I read your submission for this contest and your submission for the 2012 contest and I am trying to figure out why you didn't some how extend your 2012 submission and apply it to this years contest. Instead you say bad contest question. You know that is up to you and you wrote on that decision, fine. This year's contest did leave some very strange doors open for all kinds of strange ideas, but you didn't need to also entertain those ideas. My submission ignored those strange ideas that lead thru the human mind and looked at how math effects the universe. But reading your submissions, I doubt you will be able to stomach my words or thinking.

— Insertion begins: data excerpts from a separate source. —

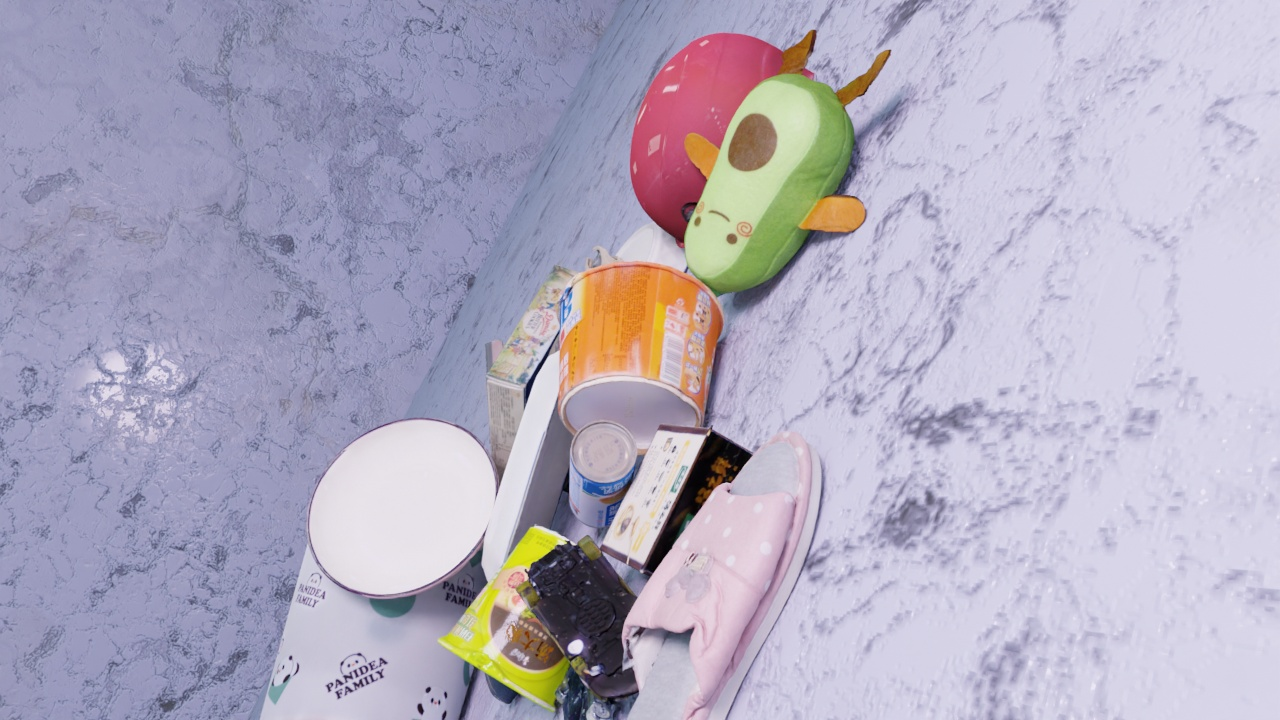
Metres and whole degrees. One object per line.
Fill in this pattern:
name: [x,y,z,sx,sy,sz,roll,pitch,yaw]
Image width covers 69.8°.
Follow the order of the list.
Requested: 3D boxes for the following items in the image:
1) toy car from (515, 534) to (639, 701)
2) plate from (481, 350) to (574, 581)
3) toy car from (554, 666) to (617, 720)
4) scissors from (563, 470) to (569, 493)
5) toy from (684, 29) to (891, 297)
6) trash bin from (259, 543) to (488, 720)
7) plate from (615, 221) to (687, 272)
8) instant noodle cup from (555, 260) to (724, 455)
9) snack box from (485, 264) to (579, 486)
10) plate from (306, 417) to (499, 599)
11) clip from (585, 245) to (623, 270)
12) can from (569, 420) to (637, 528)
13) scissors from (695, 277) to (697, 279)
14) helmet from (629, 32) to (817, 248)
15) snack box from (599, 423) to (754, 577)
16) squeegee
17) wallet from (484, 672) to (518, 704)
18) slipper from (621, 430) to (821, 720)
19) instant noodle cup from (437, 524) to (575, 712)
toy car: [-0.035,0.187,0.670,0.070,0.042,0.158,-34,38,-13]
plate: [-0.101,0.103,0.903,0.162,0.034,0.265,37,-110,-81]
toy car: [-0.037,0.249,0.659,0.043,0.034,0.090,-54,20,13]
scissors: [-0.037,0.069,0.989,0.160,0.014,0.178,-52,17,22]
toy: [0.111,-0.161,0.776,0.227,0.090,0.247,40,109,50]
trash bin: [-0.270,0.286,0.969,0.230,0.229,0.251,-44,29,44]
plate: [-0.013,-0.080,1.100,0.205,0.045,0.204,-52,18,25]
instant noodle cup: [-0.005,0.005,0.787,0.152,0.151,0.111,-42,33,45]
snack box: [-0.107,0.022,0.986,0.178,0.046,0.182,96,-165,-46]
plate: [-0.230,0.147,0.907,0.039,0.192,0.192,78,-154,-55]
clip: [-0.037,-0.106,1.080,0.070,0.034,0.099,-55,23,14]
can: [-0.033,0.100,0.778,0.135,0.053,0.053,99,-170,-63]
scissors: [0.043,-0.051,0.950,0.119,0.017,0.133,-58,12,22]
helmet: [0.062,-0.237,0.951,0.241,0.144,0.206,-35,32,44]
snack box: [0.025,0.106,0.680,0.113,0.053,0.126,-64,17,-10]
squeegee: [-0.112,-0.040,1.180,0.250,0.040,0.247,-49,27,19]
wallet: [-0.105,0.250,0.860,0.115,0.033,0.090,-58,20,5]
slipper: [0.032,0.164,0.566,0.274,0.054,0.114,-64,17,-10]
instant noodle cup: [-0.089,0.208,0.766,0.123,0.111,0.112,-59,16,-20]
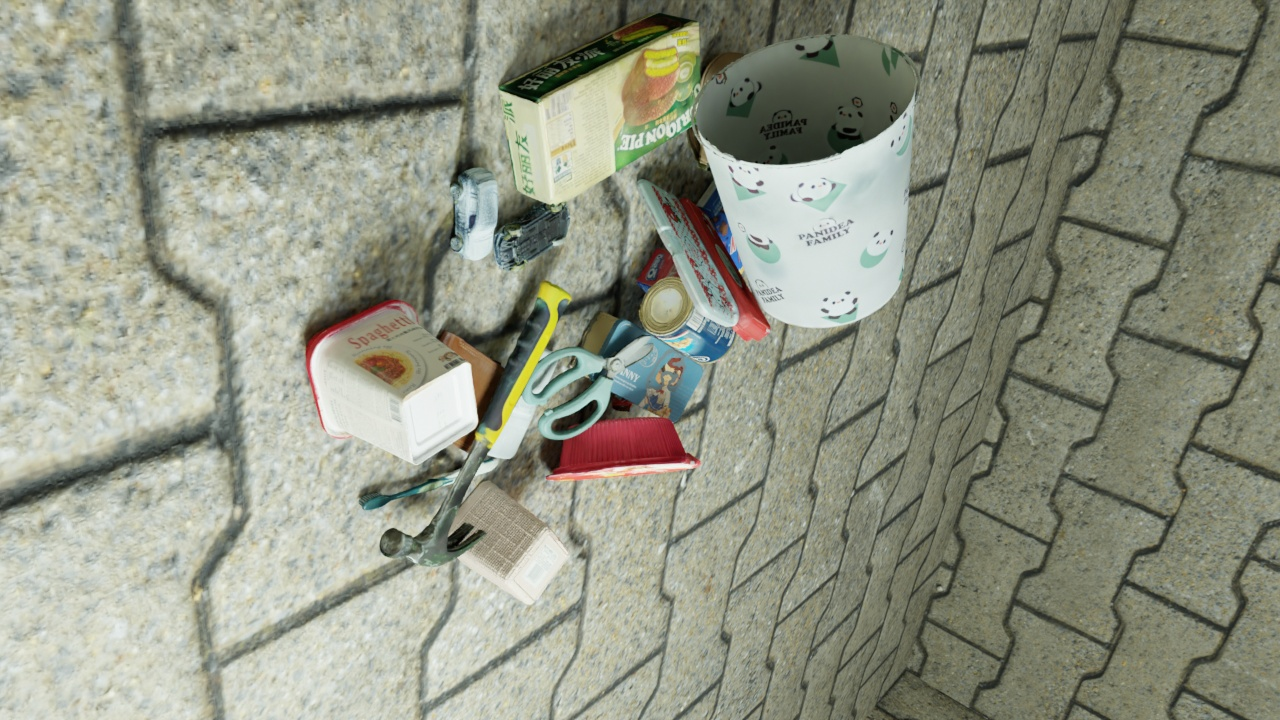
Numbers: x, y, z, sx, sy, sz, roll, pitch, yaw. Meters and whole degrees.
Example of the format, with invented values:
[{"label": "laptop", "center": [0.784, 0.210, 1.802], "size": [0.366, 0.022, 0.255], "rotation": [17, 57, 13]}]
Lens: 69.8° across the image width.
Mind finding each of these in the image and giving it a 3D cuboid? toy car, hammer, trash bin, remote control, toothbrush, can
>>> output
[{"label": "toy car", "center": [-0.113, -0.131, 0.946], "size": [0.105, 0.031, 0.049], "rotation": [-39, 144, -41]}, {"label": "hammer", "center": [-0.157, 0.067, 0.970], "size": [0.323, 0.032, 0.126], "rotation": [-64, 151, -6]}, {"label": "toy car", "center": [-0.157, -0.139, 0.880], "size": [0.042, 0.034, 0.091], "rotation": [-28, 134, -47]}, {"label": "trash bin", "center": [0.191, -0.186, 1.014], "size": [0.229, 0.230, 0.252], "rotation": [-47, 142, -24]}, {"label": "remote control", "center": [-0.139, 0.047, 1.044], "size": [0.055, 0.020, 0.136], "rotation": [23, 93, -58]}, {"label": "toothbrush", "center": [-0.224, 0.130, 0.991], "size": [0.191, 0.018, 0.016], "rotation": [-14, 123, -53]}, {"label": "can", "center": [0.058, -0.048, 1.107], "size": [0.111, 0.075, 0.075], "rotation": [29, 87, -52]}]

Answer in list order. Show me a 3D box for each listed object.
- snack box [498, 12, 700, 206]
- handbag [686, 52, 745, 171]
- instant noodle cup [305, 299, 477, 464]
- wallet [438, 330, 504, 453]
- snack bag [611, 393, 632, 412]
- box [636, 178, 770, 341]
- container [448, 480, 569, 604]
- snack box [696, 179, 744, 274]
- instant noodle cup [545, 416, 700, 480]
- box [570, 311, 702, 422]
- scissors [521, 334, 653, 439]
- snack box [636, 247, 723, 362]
[{"label": "snack box", "center": [-0.032, -0.262, 0.941], "size": [0.239, 0.063, 0.115], "rotation": [-39, 140, -34]}, {"label": "handbag", "center": [0.145, -0.294, 1.131], "size": [0.204, 0.100, 0.148], "rotation": [4, 109, -45]}, {"label": "instant noodle cup", "center": [-0.217, 0.024, 0.822], "size": [0.116, 0.124, 0.117], "rotation": [-33, 137, -38]}, {"label": "wallet", "center": [-0.189, 0.035, 0.960], "size": [0.101, 0.032, 0.124], "rotation": [-61, 148, -9]}, {"label": "snack bag", "center": [-0.011, 0.019, 1.199], "size": [0.045, 0.026, 0.105], "rotation": [7, 104, -50]}, {"label": "box", "center": [0.074, -0.119, 1.086], "size": [0.038, 0.201, 0.157], "rotation": [-34, 153, 18]}, {"label": "container", "center": [-0.152, 0.212, 1.056], "size": [0.089, 0.111, 0.090], "rotation": [-51, 145, -19]}, {"label": "snack box", "center": [0.126, -0.188, 1.247], "size": [0.084, 0.026, 0.157], "rotation": [-55, 147, -17]}, {"label": "instant noodle cup", "center": [-0.023, 0.109, 1.135], "size": [0.193, 0.194, 0.065], "rotation": [10, 73, -56]}, {"label": "box", "center": [-0.007, 0.007, 1.138], "size": [0.184, 0.060, 0.090], "rotation": [27, 89, -45]}, {"label": "scissors", "center": [-0.050, 0.029, 1.063], "size": [0.179, 0.019, 0.139], "rotation": [-24, 122, -21]}, {"label": "snack box", "center": [0.066, -0.068, 1.219], "size": [0.058, 0.057, 0.207], "rotation": [-59, 147, -11]}]
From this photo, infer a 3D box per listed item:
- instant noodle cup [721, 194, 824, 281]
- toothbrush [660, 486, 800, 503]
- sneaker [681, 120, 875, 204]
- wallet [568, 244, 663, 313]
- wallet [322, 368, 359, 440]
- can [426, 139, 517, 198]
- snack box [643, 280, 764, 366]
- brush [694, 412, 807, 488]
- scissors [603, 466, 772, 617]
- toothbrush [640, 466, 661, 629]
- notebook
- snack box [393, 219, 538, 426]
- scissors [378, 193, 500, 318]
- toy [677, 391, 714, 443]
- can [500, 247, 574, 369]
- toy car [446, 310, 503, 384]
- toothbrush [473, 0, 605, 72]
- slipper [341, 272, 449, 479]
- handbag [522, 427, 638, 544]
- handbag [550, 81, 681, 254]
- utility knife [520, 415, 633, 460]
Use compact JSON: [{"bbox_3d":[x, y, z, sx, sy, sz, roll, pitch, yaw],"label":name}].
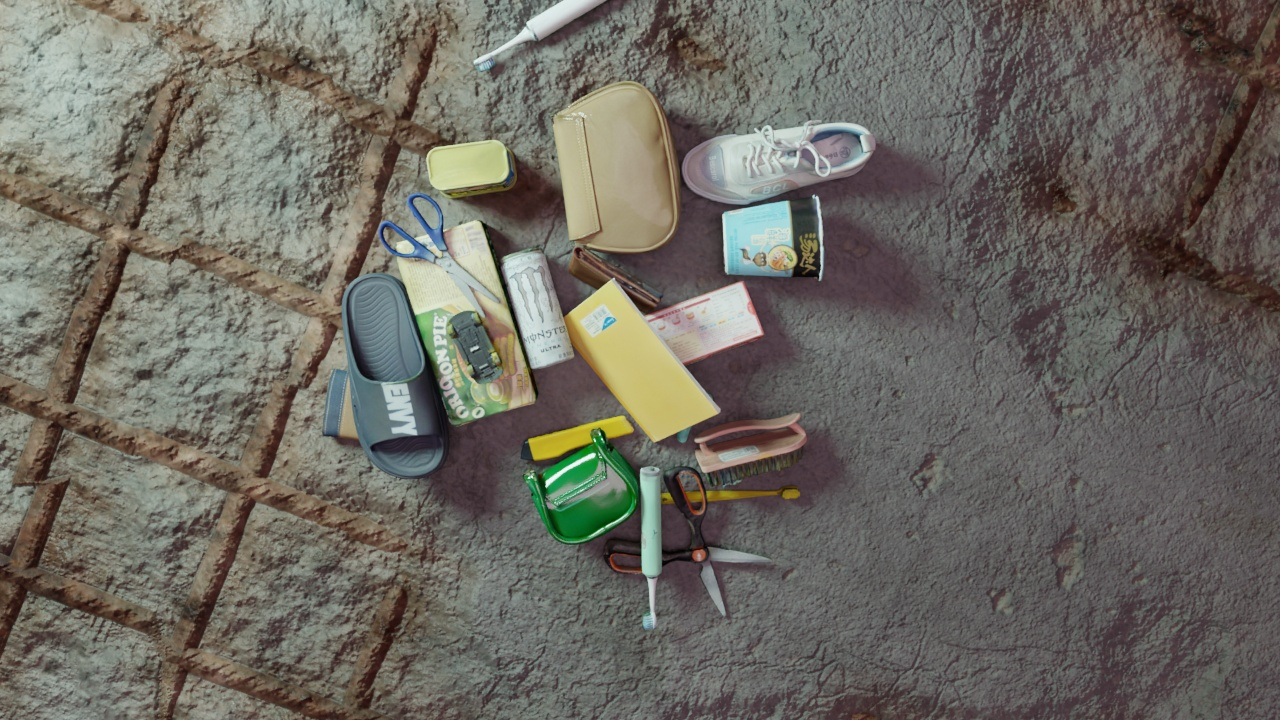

By the way, my submission is in the vein of the many-worlds interpretation but it argues against your "...with the minds of conscious entities constantly dividing down the infinitely branching yggdrasillian world-tree of future possibilities. (And, if you take the path-integral approach seriously, a merging world-tree of past possibilities.)"

You ask the question; "Can mathematics exist without a mind to formulate it?" I counter that question with this one. Can Euclidean geometry exist in non-Euclidean spacetime? The answer is yes, where the rules of Euclidean geometry apply. The rules of Euclidean geometry apply regardless if a mind is applying them or not. The mind only finds that they apply it doesn't invent that they apply.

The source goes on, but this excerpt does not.